INSTRUCTIONS FOR THE TASK. What should be copied is the stretch of entries below from the line with "Is the quality of this image poor?" up to and including the line with "Answer with the", exactly and without images.

EXERCISE MATERIALS.
== Segment start ==
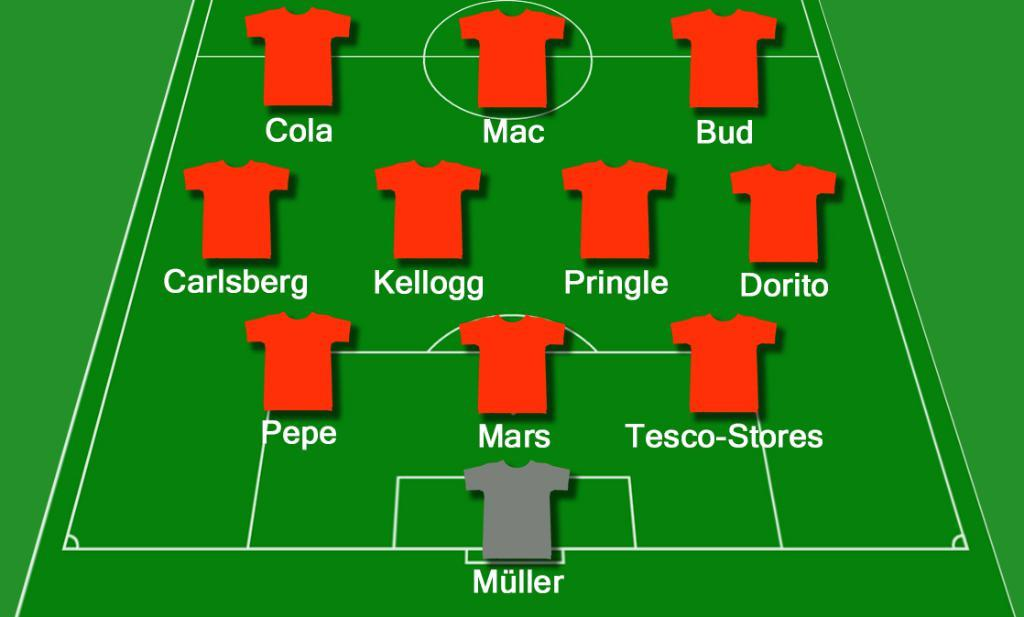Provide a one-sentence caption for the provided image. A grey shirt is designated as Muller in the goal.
== Segment end ==
== Segment start ==
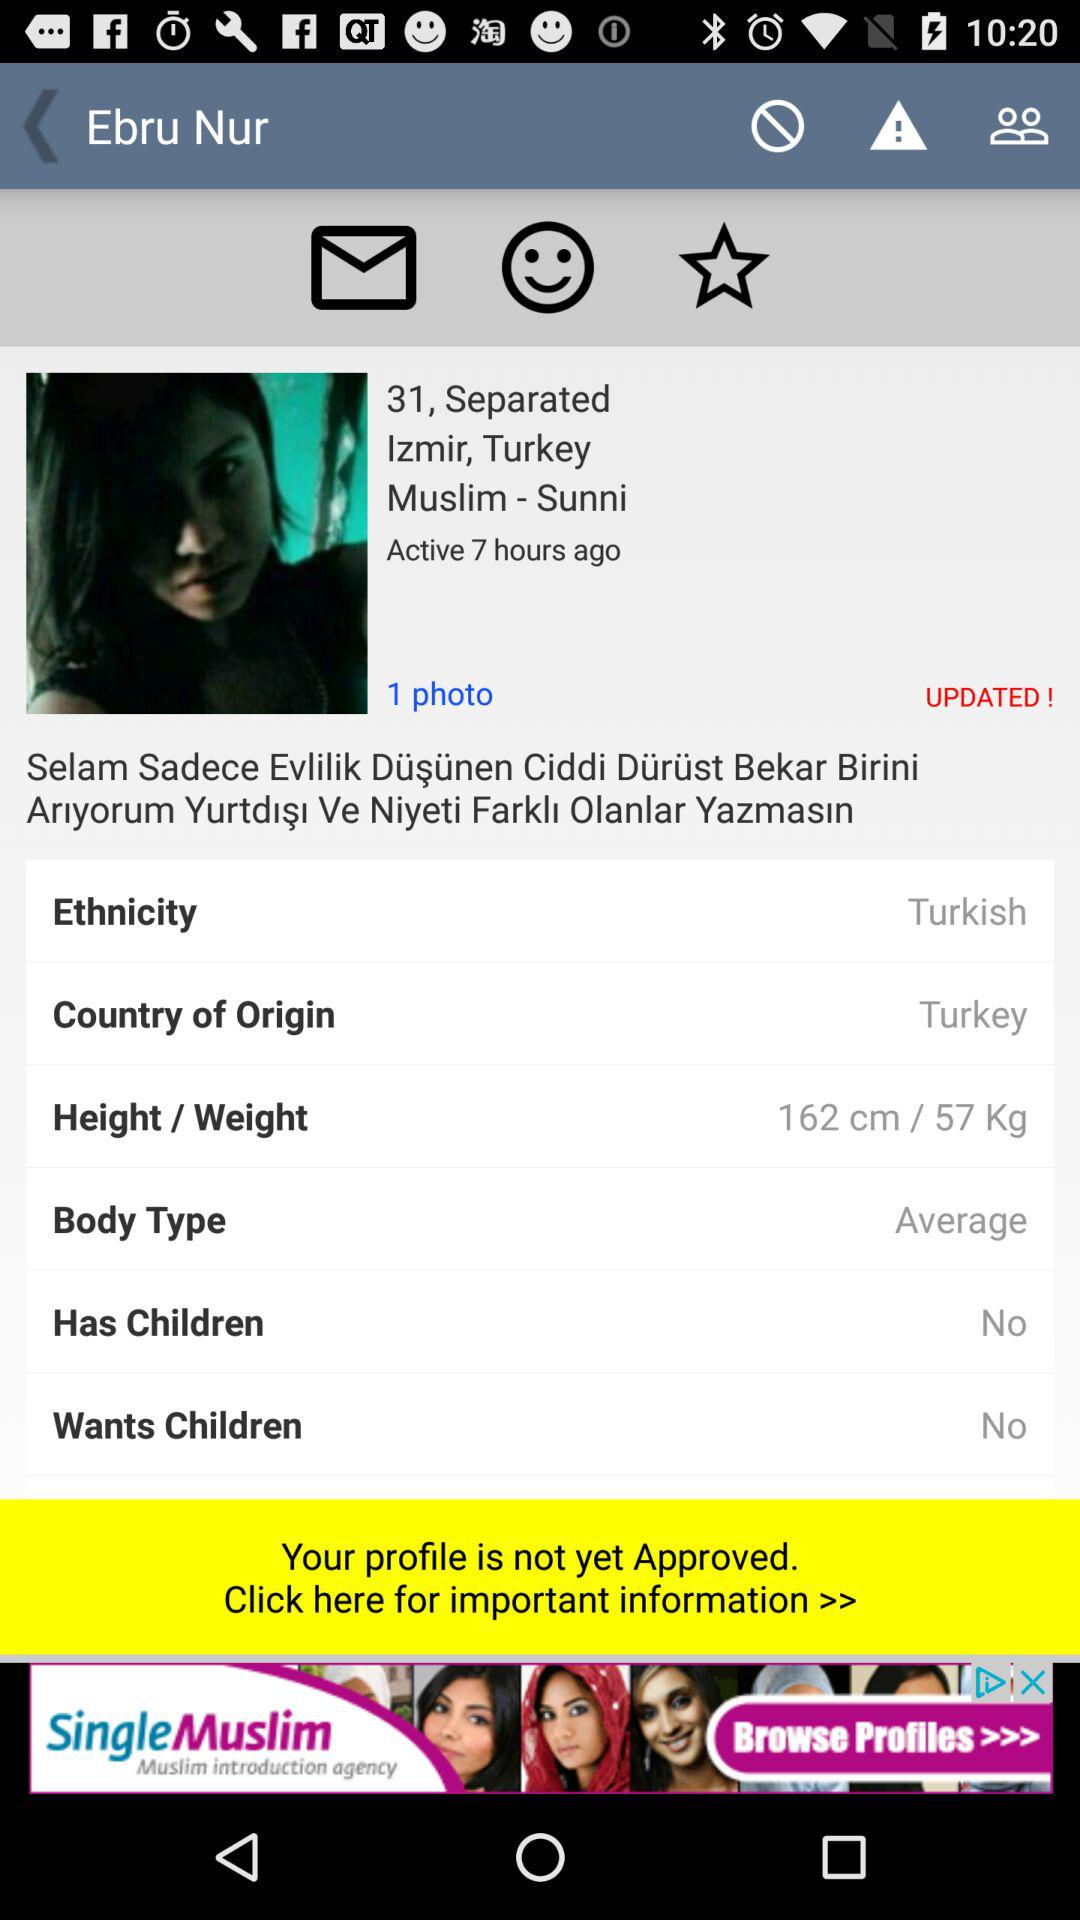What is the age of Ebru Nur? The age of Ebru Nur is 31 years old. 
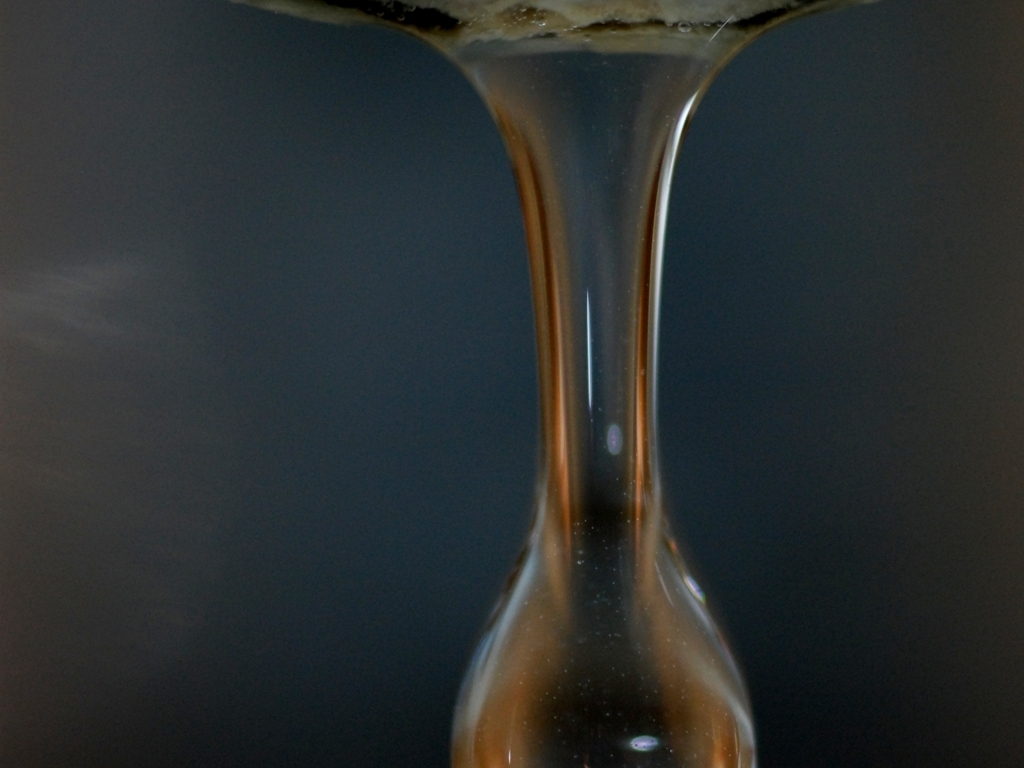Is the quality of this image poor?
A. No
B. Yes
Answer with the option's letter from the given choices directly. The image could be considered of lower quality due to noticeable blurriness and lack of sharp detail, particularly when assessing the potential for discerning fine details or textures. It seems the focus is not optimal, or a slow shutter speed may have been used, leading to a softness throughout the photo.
== Segment end ==
EXERCISE RESPONSE.
Is the quality of this image poor?
A. No
B. Yes
Answer with the option's letter from the given choices directly. The image could be considered of lower quality due to noticeable blurriness and lack of sharp detail, particularly when assessing the potential for discerning fine details or textures. It seems the focus is not optimal, or a slow shutter speed may have been used, leading to a softness throughout the photo.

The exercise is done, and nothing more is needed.